OÍR NOLAJ. CAP 2. SITO, EL PERCHERO

|

En el colegio había ratos buenos y menos buenos. El menos agradable era cuando el maestro sacaba de debajo de su mesa “el remedio”, como él lo llamaba. Consistía en una vara de roble ennegrecida por el paso del tiempo y por el contacto con la parte trasera de los pantalones. Pero desde el primer viaje en tren, las cosas habían cambiado. El remedio era un simple trozo de madera. Y todo gracias al grito contraseña: ¡Oír Nólaj! ¡Oír Nólaj! El grito les hacía fuertes y creer en sí mismos. Oír Nólaj era algo más que el nombre del río pronunciado al revés.


Lo cierto es que el señor maestro no era tan malo como suponéis. Era justo con todos. Por eso creo que, en el fondo, todos lo querían aunque a veces su “remedio” no fuese bien recibido, especialmente por los que lo probaban más frecuentemente.


Sito era como llamaban a Andresito, uno de los habituales del “remedio”, cara pecosa, pelo arremolinado en la coronilla, y que vivía en la casa de al lado de la ferretería de la plaza. Era un niño muy travieso a quien todos respetaban muchísimo. No porque fuera travieso sino porque tenía doce años y eso sí que era importante. A un niño de doce años se le debía respetar siempre, fuera más o menos listo, más alto o más bajo, guapo o feo. Sito no era muy despabilado en clase, y más bien pequeñito y feotón, pero tenía doce años.


Los días más fríos del invierno, un niño de los mayores se encargaba de encender la estufa de leña, unos minutos antes de entrar a la escuela. Cuando el encargado era Sito, siempre entraban una hora más tarde a la escuela. Y es que Sito esos días no hacía pis en casa. Utilizaba como improvisado váter la estufa cargada con troncos. La humareda que se organizaba era tal que el maestro terminaba por mandar a todos al patio a jugar un buen rato.


Una mañana, el maestro dejó encargado de abrir el colegio al boticario del pueblo.

- Sito, ve encendiendo la estufa que hoy hace mucho frío –le dijo Rufino, el boticario–. Enseguida vendrá el maestro.

Y ya lo creo que apareció, justo cuando Sito se disponía a regar la madera. El maestro salió del armario, donde se había escondido para pillar con las manos en la masa al provocador de los humos.

- ¡Oír Nólaj! ¡Oír Nólaj! –susurró Cati, con voz lo suficientemente alta para que Azu y Zaino, sus vecinos de pupitre, la escucharan.

Y, efectivamente, la aventura comenzó.

- ¡Andresito, tendrás tu merecido! –dijo muy serio el maestro.


A la hora del recreo todos estaban pendientes del castigo que debería cumplir Sito.

¿Ponerse de rodillas un buen rato?, ¿colocar los maderos en la leñera y ordenar los libros gordos en las estanterías?, ¿limpiar la tarima y los cristales?...


El castigo fue de lo más original: el maestro lo cogió por los brazos y de la capucha del abrigo, y sus pies ya no tocaron el suelo durante el tiempo de recreo. Pero lo peor para Sito estaba por llegar.

El maestro durante el recreo resbaló en un charco helado y a causa del golpe tuvo que visitar al boticario.


Cuando Azu tocó la campanilla para entrar nuevamente a la clase, los alumnos se encontraron con la sorpresa de que el perchero se había convertido en Andresito.

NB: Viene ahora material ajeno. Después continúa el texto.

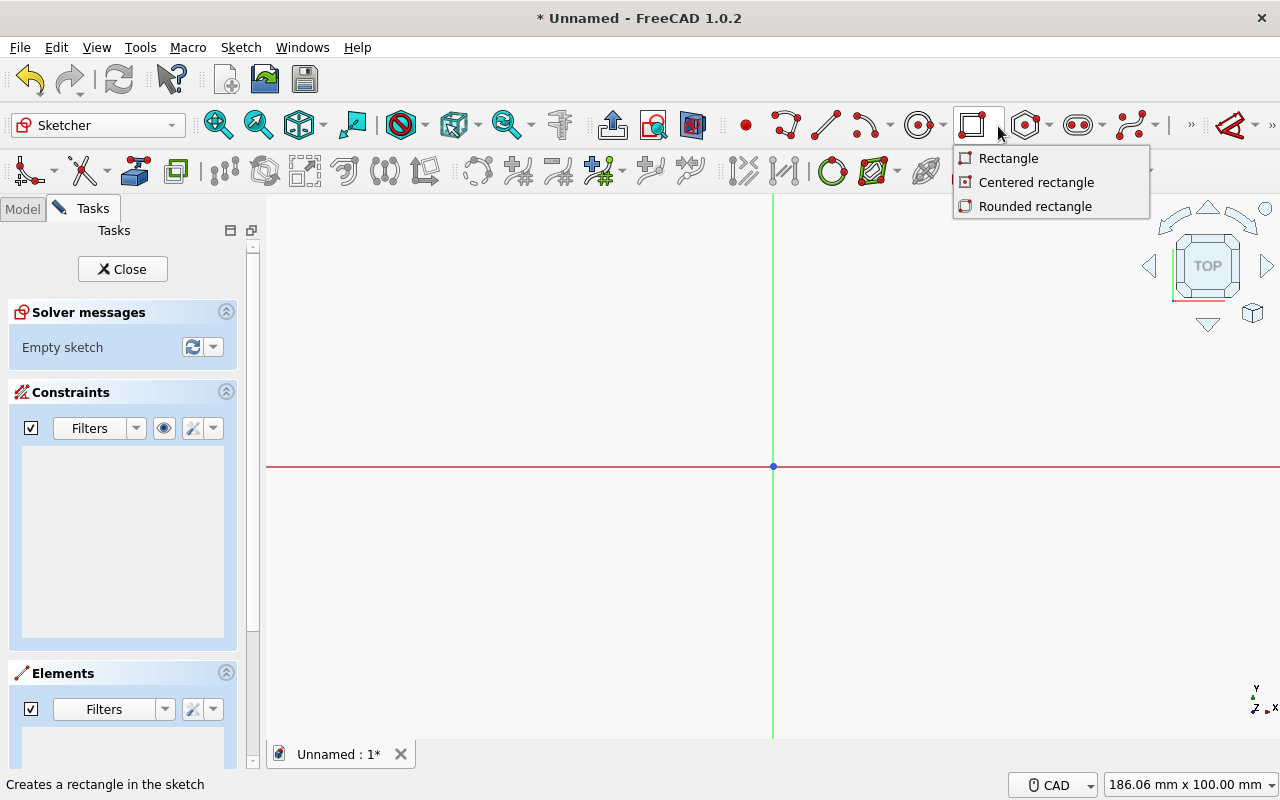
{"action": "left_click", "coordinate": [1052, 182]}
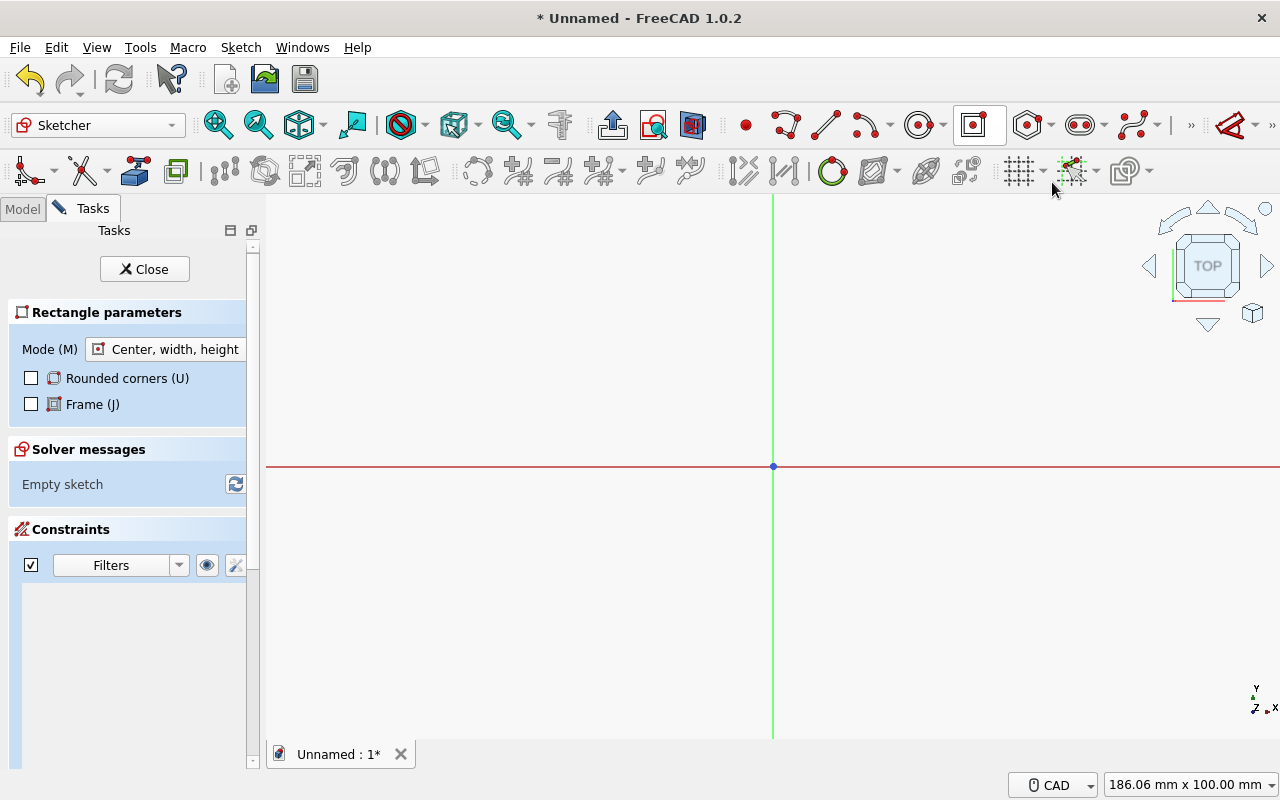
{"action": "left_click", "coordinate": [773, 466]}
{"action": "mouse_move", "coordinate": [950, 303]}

¡El maestro lo había dejado colgado del perchero!

- ¿Dónde está el maestro? –preguntó Sito, todo colorado.

- Se ha caído y lo está curando el boticario –respondió el empollón de la clase.

- Si el recreo ha terminado, mi castigo también.


Intentó bajarse del perchero por todos los medios posibles. Pataleaba, braceaba... No conseguía soltarse. Y cada vez estaba más furioso y colorado. Por fin, pidió ayuda. Entre varios niños de la pandilla de Zaino lo descolgaron.


- Podría haber bajado en cuanto hubiera querido, pero para qué esforzarme… –dijo  todo colorado de vergüenza.

- Sí, sí, claro, Sito... En cuanto hubieras querido bajar... para eso tienes doce años, ¿verdad? –soltó Zaino irónicamente.

- Por supuesto, soy el más mayor, no lo olvidéis nunca.

Pero el más mayor era el maestro, que aparecía en ese momento por la puerta de la escuela con el brazo vendado y diciendo:

- Vamos a hacer un dictado sobre el hielo.

Todos se echaron a reír a carcajadas. Todos, menos Sito, el niño de doce años.